The Group’s enterprise-wide risk management and reporting process helps management to identify, assess, prioritise and mitigate risk. The process involves an ongoing programme of workshops, facilitated by the risk management function, held around the Group. The risks identified are collated and reported through functional and divisional levels to the Group Executive Committee. This culminates in the identification of the Group’s key business, financial, operational and compliance risks with associated action plans and controls to mitigate them where possible (and to the extent deemed appropriate taking account of costs and benefits). The output is then reviewed by the Board. Responsibility for managing each key risk and the associated mitigating controls is allocated to an individual executive within each division. As part of the process, senior executive management formally confirms that these key risks are being managed appropriately within their operations and that controls have been examined and are effective. The confirmations and any exceptions are discussed at the Audit Committee and Corporate Responsibility Committee once a year.

During the year ended 31 March 2011, the risk management process was enhanced further through an exercise undertaken by the Board of directors and the Group Executive Committee to consider the nature and extent of the Group’s risk appetite. The results of this exercise are being used as part of the Group’s strategic planning activities, and in considering ongoing mitigating actions.

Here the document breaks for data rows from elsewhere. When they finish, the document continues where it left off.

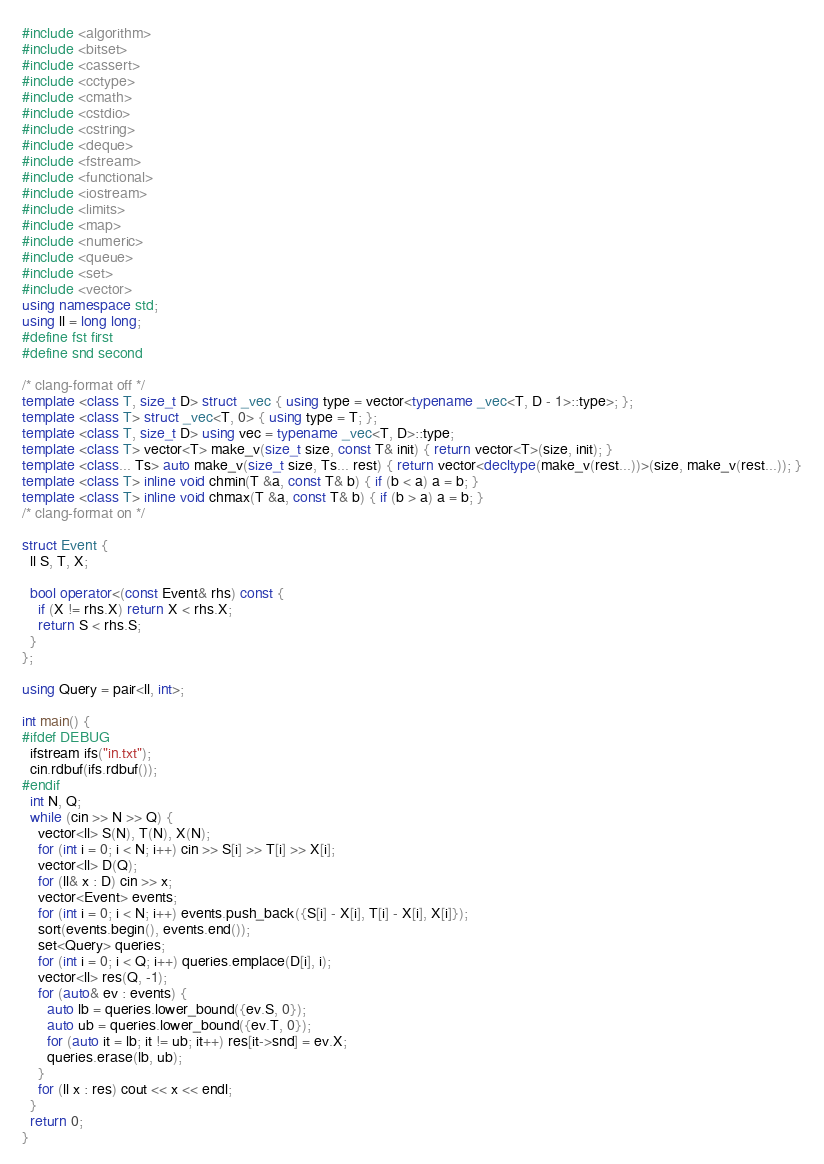<code> <loc_0><loc_0><loc_500><loc_500><_C++_>#include <algorithm>
#include <bitset>
#include <cassert>
#include <cctype>
#include <cmath>
#include <cstdio>
#include <cstring>
#include <deque>
#include <fstream>
#include <functional>
#include <iostream>
#include <limits>
#include <map>
#include <numeric>
#include <queue>
#include <set>
#include <vector>
using namespace std;
using ll = long long;
#define fst first
#define snd second

/* clang-format off */
template <class T, size_t D> struct _vec { using type = vector<typename _vec<T, D - 1>::type>; };
template <class T> struct _vec<T, 0> { using type = T; };
template <class T, size_t D> using vec = typename _vec<T, D>::type;
template <class T> vector<T> make_v(size_t size, const T& init) { return vector<T>(size, init); }
template <class... Ts> auto make_v(size_t size, Ts... rest) { return vector<decltype(make_v(rest...))>(size, make_v(rest...)); }
template <class T> inline void chmin(T &a, const T& b) { if (b < a) a = b; }
template <class T> inline void chmax(T &a, const T& b) { if (b > a) a = b; }
/* clang-format on */

struct Event {
  ll S, T, X;

  bool operator<(const Event& rhs) const {
    if (X != rhs.X) return X < rhs.X;
    return S < rhs.S;
  }
};

using Query = pair<ll, int>;

int main() {
#ifdef DEBUG
  ifstream ifs("in.txt");
  cin.rdbuf(ifs.rdbuf());
#endif
  int N, Q;
  while (cin >> N >> Q) {
    vector<ll> S(N), T(N), X(N);
    for (int i = 0; i < N; i++) cin >> S[i] >> T[i] >> X[i];
    vector<ll> D(Q);
    for (ll& x : D) cin >> x;
    vector<Event> events;
    for (int i = 0; i < N; i++) events.push_back({S[i] - X[i], T[i] - X[i], X[i]});
    sort(events.begin(), events.end());
    set<Query> queries;
    for (int i = 0; i < Q; i++) queries.emplace(D[i], i);
    vector<ll> res(Q, -1);
    for (auto& ev : events) {
      auto lb = queries.lower_bound({ev.S, 0});
      auto ub = queries.lower_bound({ev.T, 0});
      for (auto it = lb; it != ub; it++) res[it->snd] = ev.X;
      queries.erase(lb, ub);
    }
    for (ll x : res) cout << x << endl;
  }
  return 0;
}
</code> 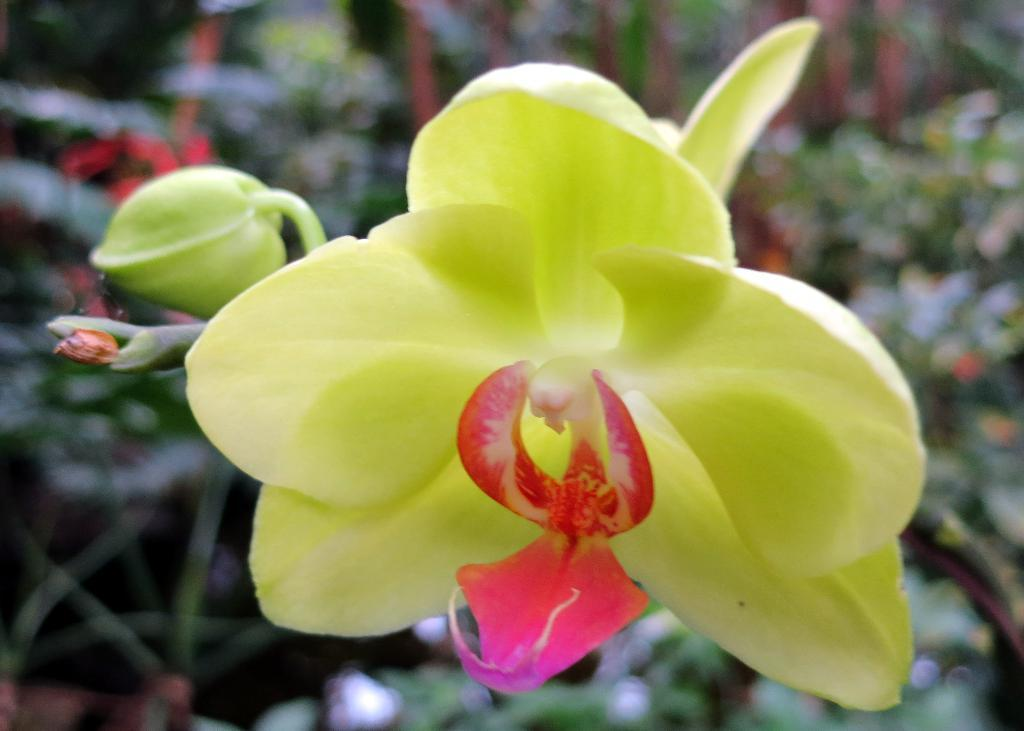What type of plant is visible in the image? There is a flower in the image. Can you describe the arrangement of the flowers in the image? There is another flower behind the first flower in the image. What other types of plants can be seen in the image? There are plants in the image. What type of person is depicted in the image? There is no person depicted in the image; it features flowers and plants. What type of sail can be seen in the image? There is no sail present in the image. 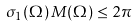Convert formula to latex. <formula><loc_0><loc_0><loc_500><loc_500>\sigma _ { 1 } ( \Omega ) \, M ( \Omega ) \leq 2 \pi</formula> 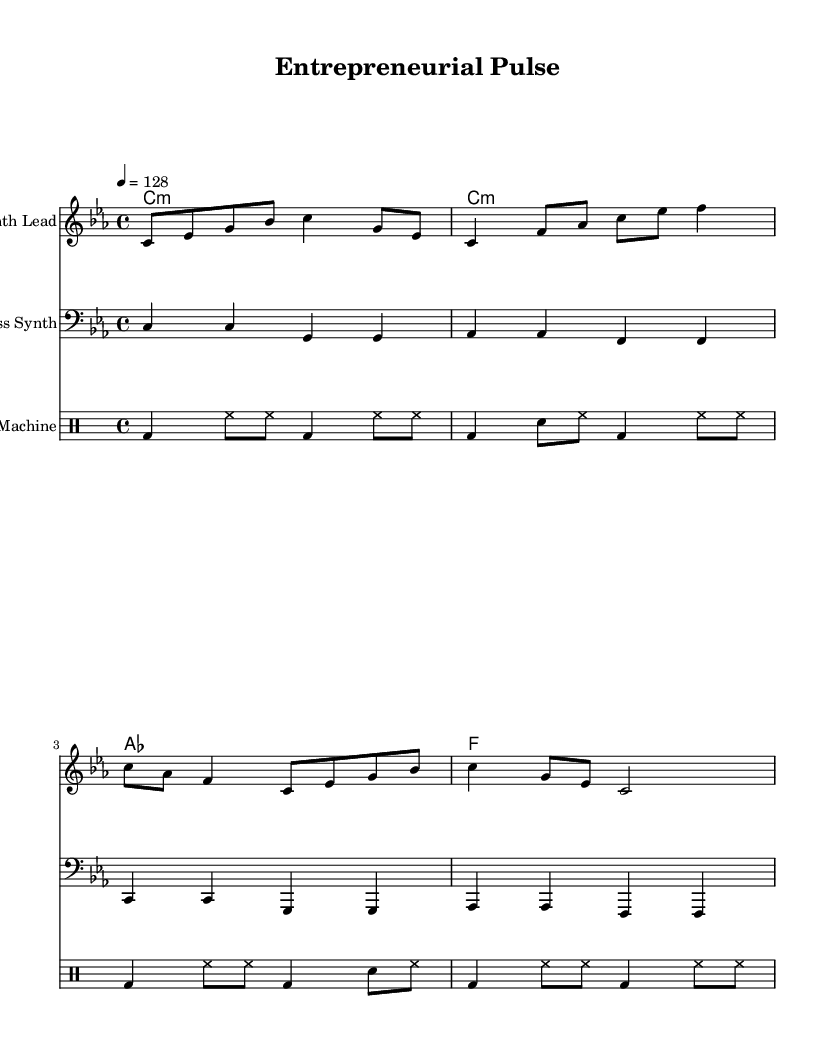What is the key signature of this music? The key signature is C minor, which contains three flats (B♭, E♭, and A♭). This can be determined by looking at the key signature section at the beginning of the staff.
Answer: C minor What is the time signature of this music? The time signature is 4/4, indicated by the numeral "4" over another "4". This means there are four beats in each measure, and the quarter note receives one beat.
Answer: 4/4 What is the tempo marking of this piece? The tempo marking is indicated by the instruction "4 = 128", which means the quarter note should be played at a speed of 128 beats per minute. This is noted above the staff.
Answer: 128 How many measures are there in the synth lead part? By counting the vertical bar lines (measure borders) in the synth lead staff, there are a total of four measures.
Answer: 4 Which chord appears most frequently in the chord progression? The chord "C minor" appears twice in the chord progression notation within the chord names above the staves, indicating it is the most frequently used chord in this piece.
Answer: C minor What kind of drum pattern is used in this music? The drum pattern consists primarily of bass drum (bd), hi-hat (hh), and snare drum (sn) hits, which is typical for dance music aiming for a driving beat. This can be recognized by observing the drummode section.
Answer: Dance drum pattern What is the primary motif used in the synth lead? The primary motif in the synth lead features a sequence of ascending and descending notes starting from C, creating an energetic and driving feel typical in techno music. This can be inferred from the melodic notes arranged in a recognizable sequence.
Answer: Ascending and descending motif 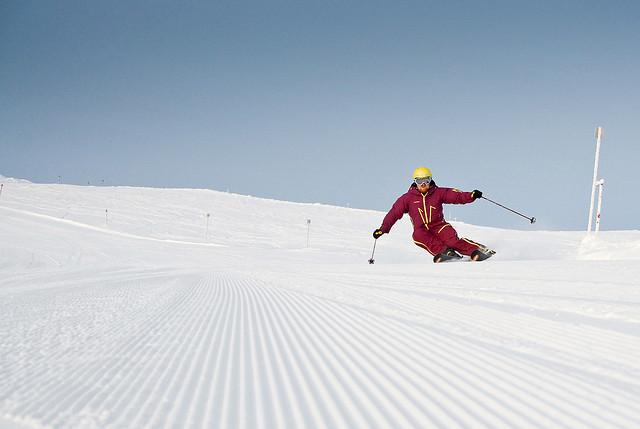Is this person going slowly down the hill?
Be succinct. No. What sport is this?
Be succinct. Skiing. Has the ski slope been groomed recently?
Keep it brief. Yes. What is he wearing?
Be succinct. Snowsuit. Where is the person skiing?
Short answer required. Mountain. 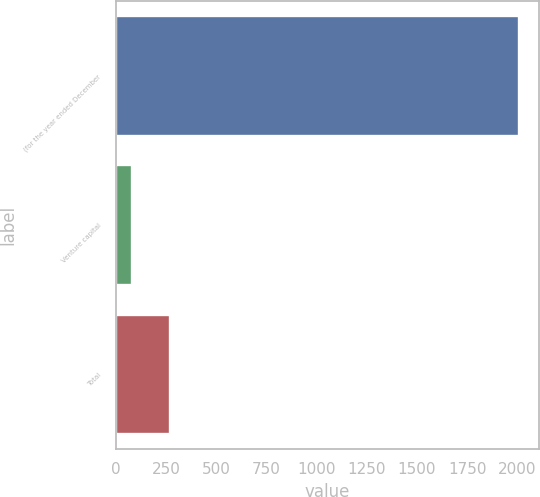<chart> <loc_0><loc_0><loc_500><loc_500><bar_chart><fcel>(for the year ended December<fcel>Venture capital<fcel>Total<nl><fcel>2005<fcel>80<fcel>272.5<nl></chart> 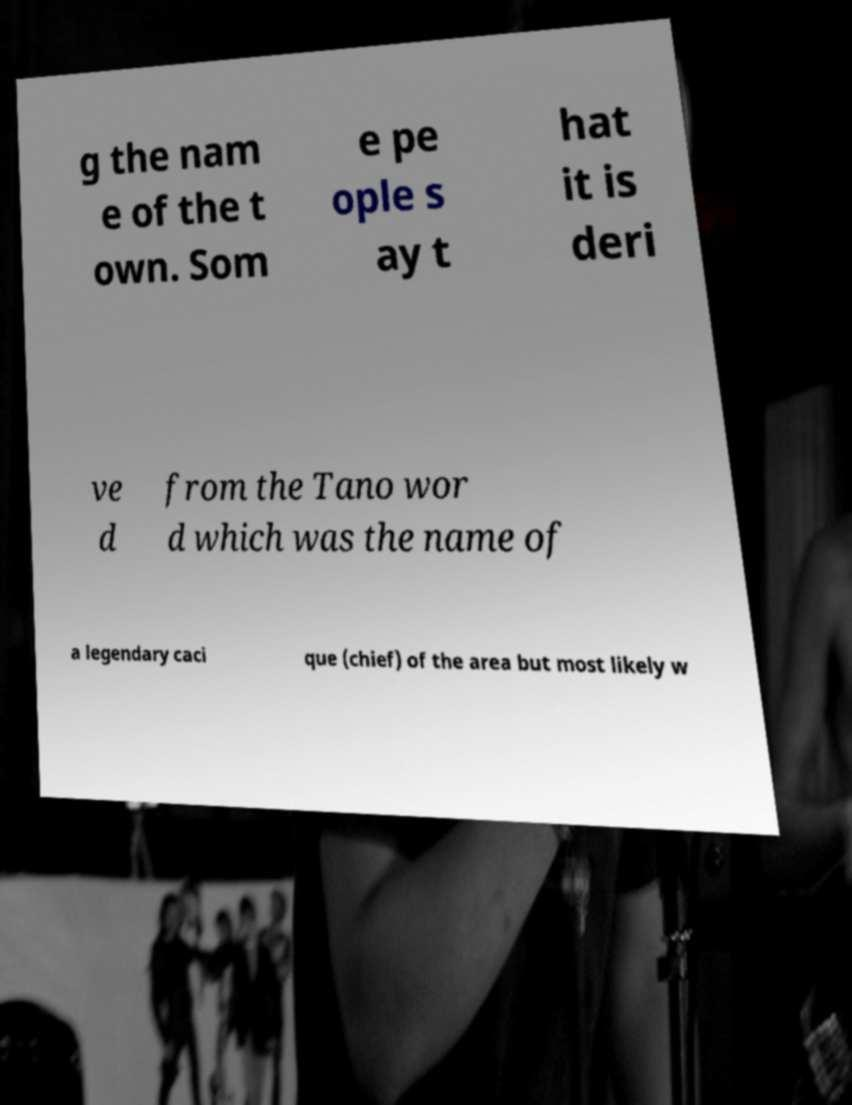Please identify and transcribe the text found in this image. g the nam e of the t own. Som e pe ople s ay t hat it is deri ve d from the Tano wor d which was the name of a legendary caci que (chief) of the area but most likely w 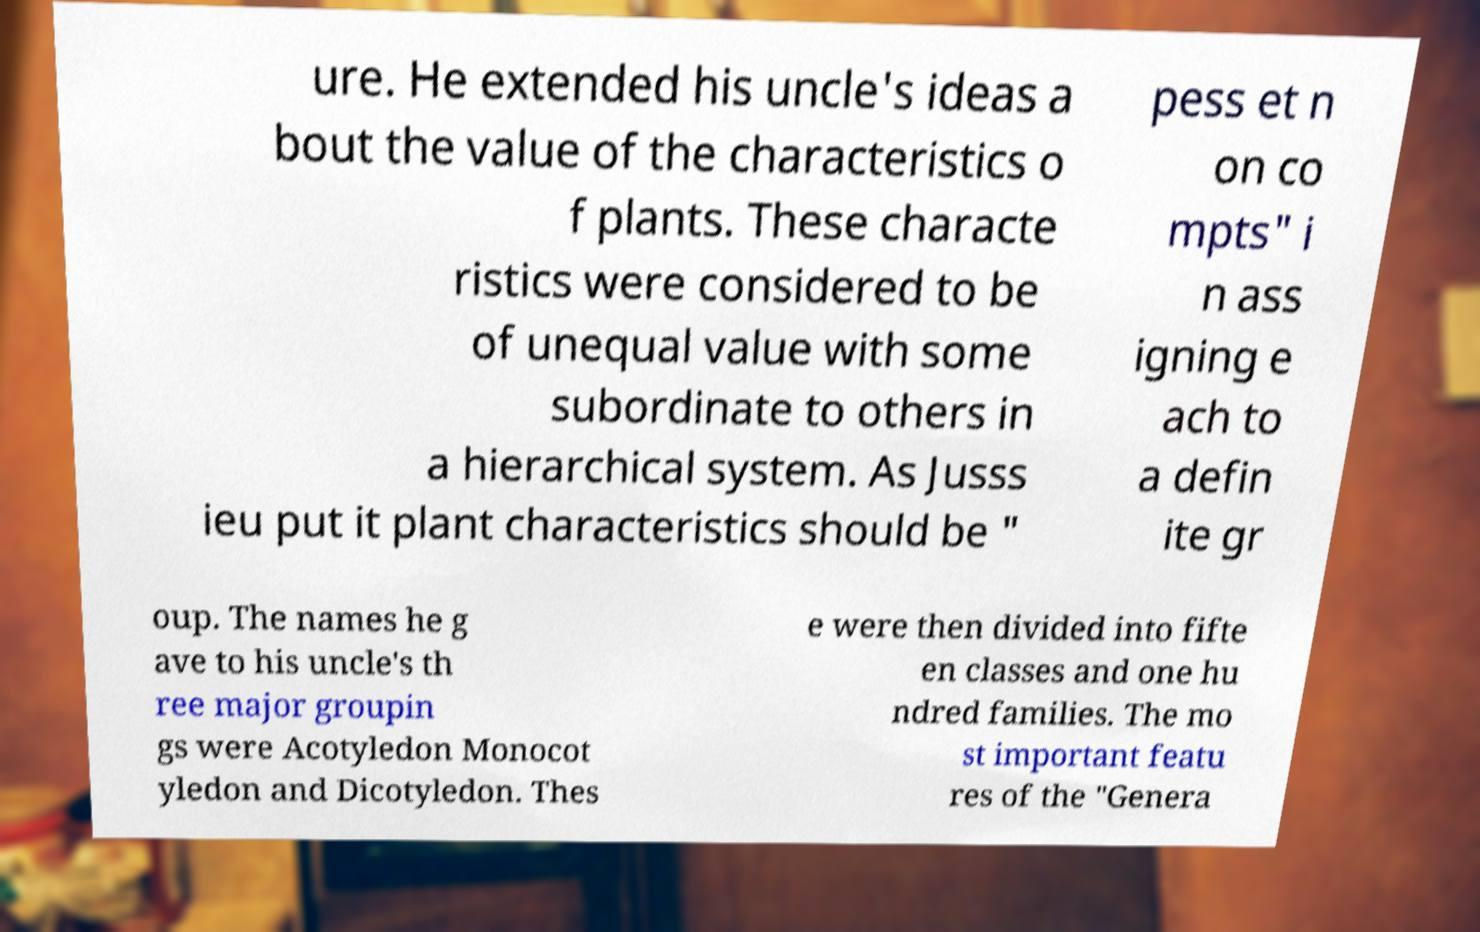There's text embedded in this image that I need extracted. Can you transcribe it verbatim? ure. He extended his uncle's ideas a bout the value of the characteristics o f plants. These characte ristics were considered to be of unequal value with some subordinate to others in a hierarchical system. As Jusss ieu put it plant characteristics should be " pess et n on co mpts" i n ass igning e ach to a defin ite gr oup. The names he g ave to his uncle's th ree major groupin gs were Acotyledon Monocot yledon and Dicotyledon. Thes e were then divided into fifte en classes and one hu ndred families. The mo st important featu res of the "Genera 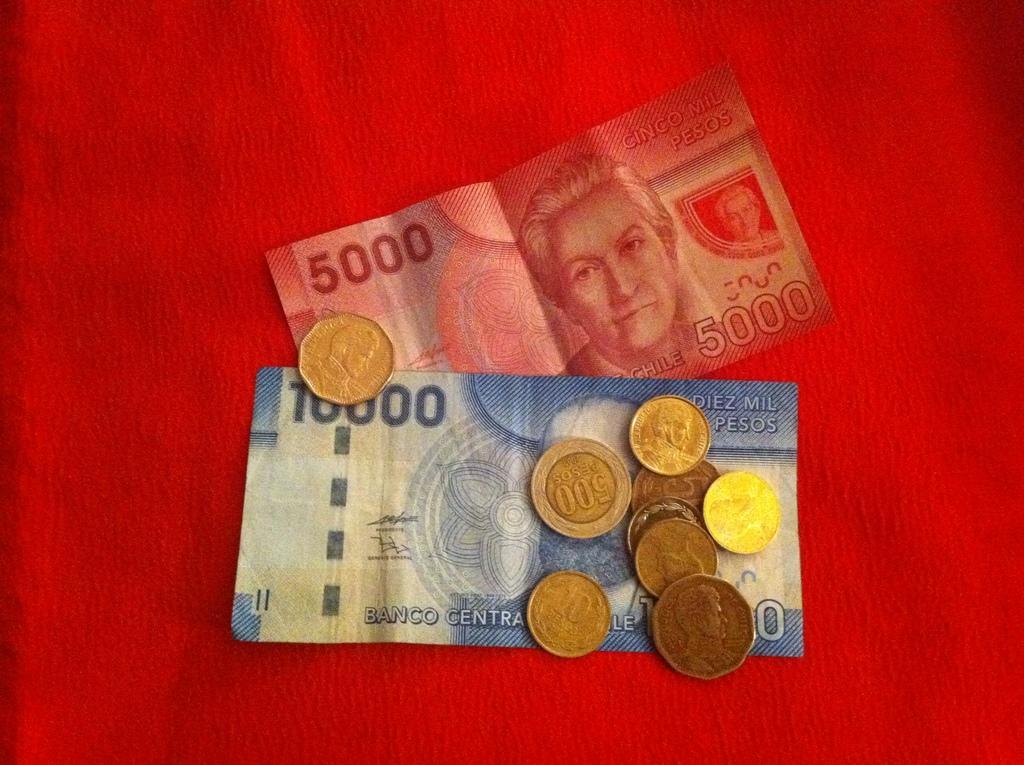Please provide a concise description of this image. In this picture, we see five thousand currency note and ten thousand currency note. We even see currency coins. In the background, it is red in color.

The Group’s risk management process continues to follow the Committee of Sponsoring Organizations of the Treadway Commission (COSO) Enterprise Risk framework. The COSO framework provides a process to manage the risk of failure to achieve business objectives and assurance against material loss or misstatement.

KEY RISKS

Key risks and uncertainties identified as part of the risk management process undertaken during the year, together with some of the mitigating actions that we are taking, are set out below. It is not possible to identify or anticipate every risk that may affect the Group. Our overall success as a global business depends, in part, upon our ability to succeed in different economic, social and political environments and to manage and to mitigate these risks.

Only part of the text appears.